What can be the maximum value of the original kinetic energy of disk AA so as not to exceed the maximum allowed value of the thermal energy

Answer 1

The question is incomplete. The complete question is :

In your job as a mechanical engineer you are designing a flywheel and clutch-plate system. Disk A is made of a lighter material than disk B, and the moment of inertia of disk A about the shaft is one-third that of disk B. The moment of inertia of the shaft is negligible.
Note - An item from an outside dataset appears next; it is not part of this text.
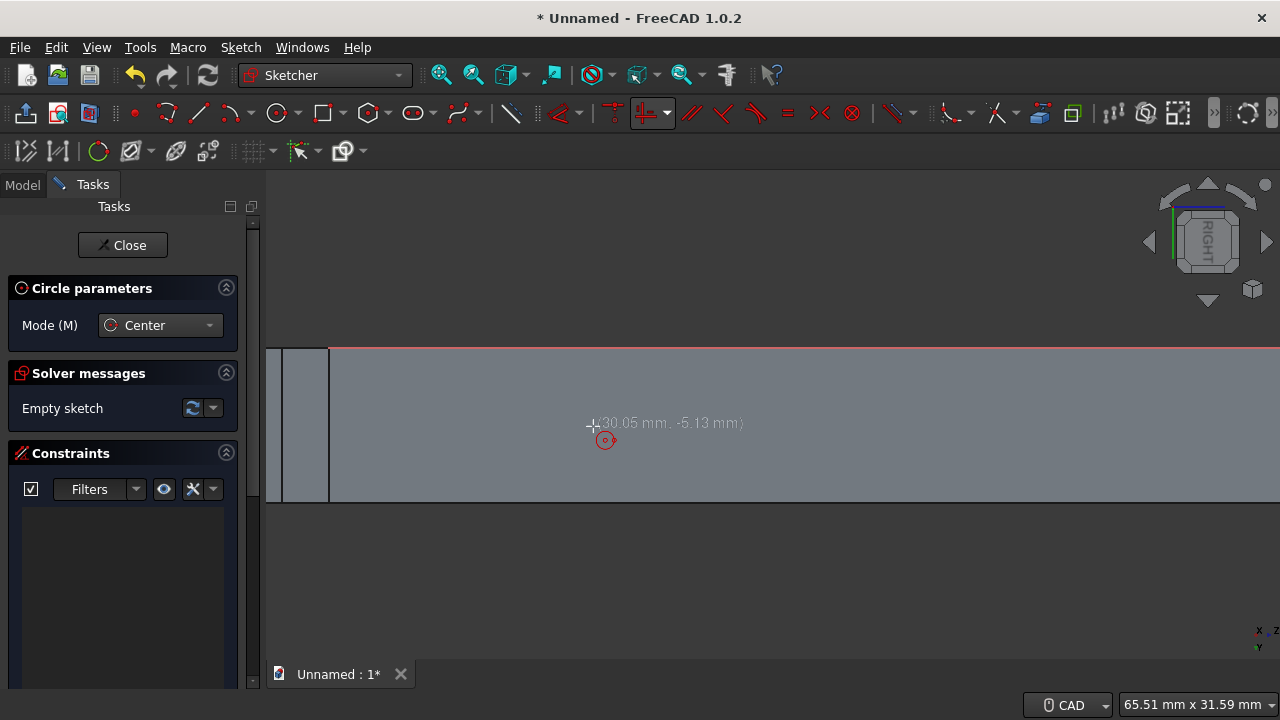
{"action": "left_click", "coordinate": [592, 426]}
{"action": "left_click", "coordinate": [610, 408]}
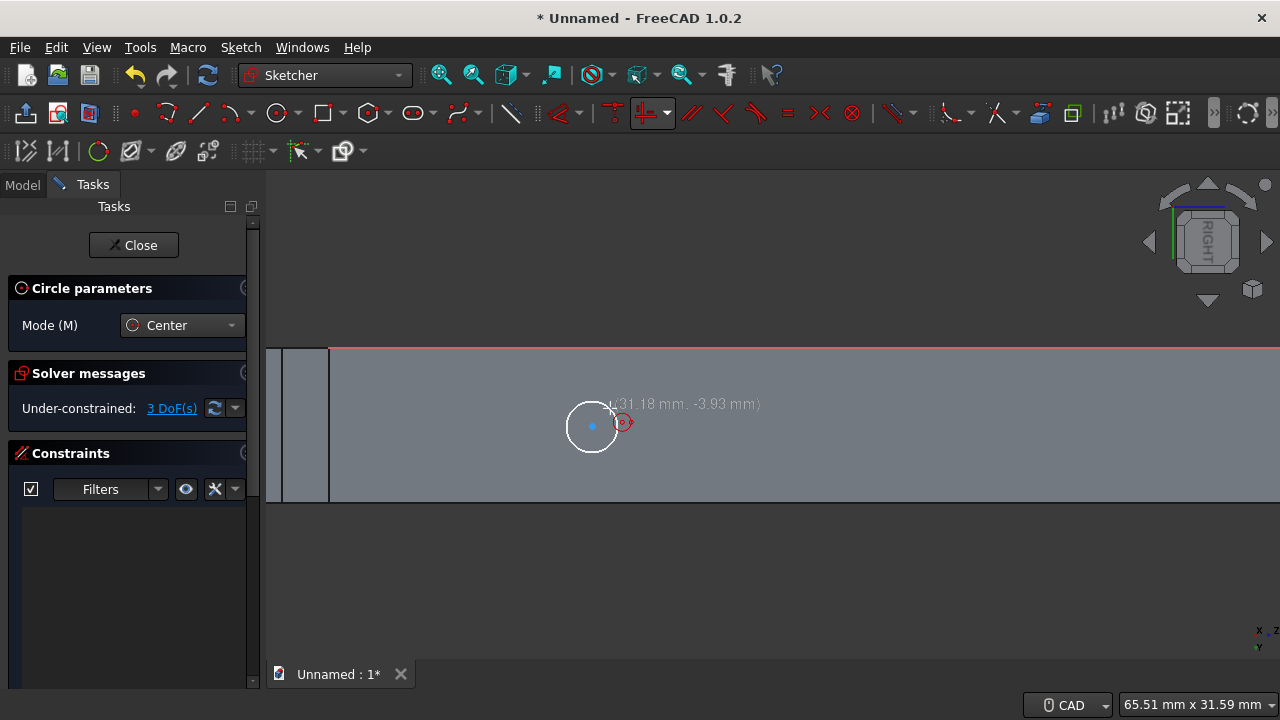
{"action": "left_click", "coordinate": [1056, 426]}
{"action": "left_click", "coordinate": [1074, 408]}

With the clutch disconnected, A is brought up to an angular speed ?0; B is initially at rest. The accelerating torque is then removed from A, and A is coupled to B. (Ignore bearing friction.) The design specifications allow for a maximum of 2300 J of thermal energy to be developed when the connection is made. What can be the maximum value of the original kinetic energy of disk A so as not to exceed the maximum allowed value of the thermal energy?

Solution :

Let M.I. of disk A =
`$I_0$`

So, M.I. of disk B =
`$3I_0$`

Angular velocity of A =
`$\omega_0$`

So the kinetic energy of the disk A =
`$(1)/(2)I_0\omega^2$`

After coupling, the angular velocity of both the disks will be equal to ω.

Angular momentum will be conserved.

So,

`$I_0\omega_0 = I_0 \omega + 3I_0 \omega$`

`$I_0\omega_0 = 4I_0 \omega$`

`$\omega = (\omega_0)/(4)$`

Now,

`$K.E. = (1)/(2)I_0\omega^2+ (1)/(2)3I_0\omega^2$`

`$K.E. = (1)/(2)I_0(\omega_0^2)/(16)+ (1)/(2)3I_0(\omega_0^2)/(16)$`

`$K.E. = (1)/(2)I_0\omega_0^2 \left((1)/(16)+(3)/(16)\right)$`

`$K.E. = (1)/(2)I_0\omega_0^2* (1)/(4)$`

`$\Delta K = (1)/(2)I_0\omega_0^2 - (1)/(2)I_0\omega_0^2 * (1)/(4) $`

`$2300=(3)/(4)\left((1)/(2)I_0\omega_0^2\right)$`

`$(1)/(2)I_0\omega_0^2=2300 * (4)/(3 ) \ J $`

Therefore, the maximum initial K.E. = 3066.67 J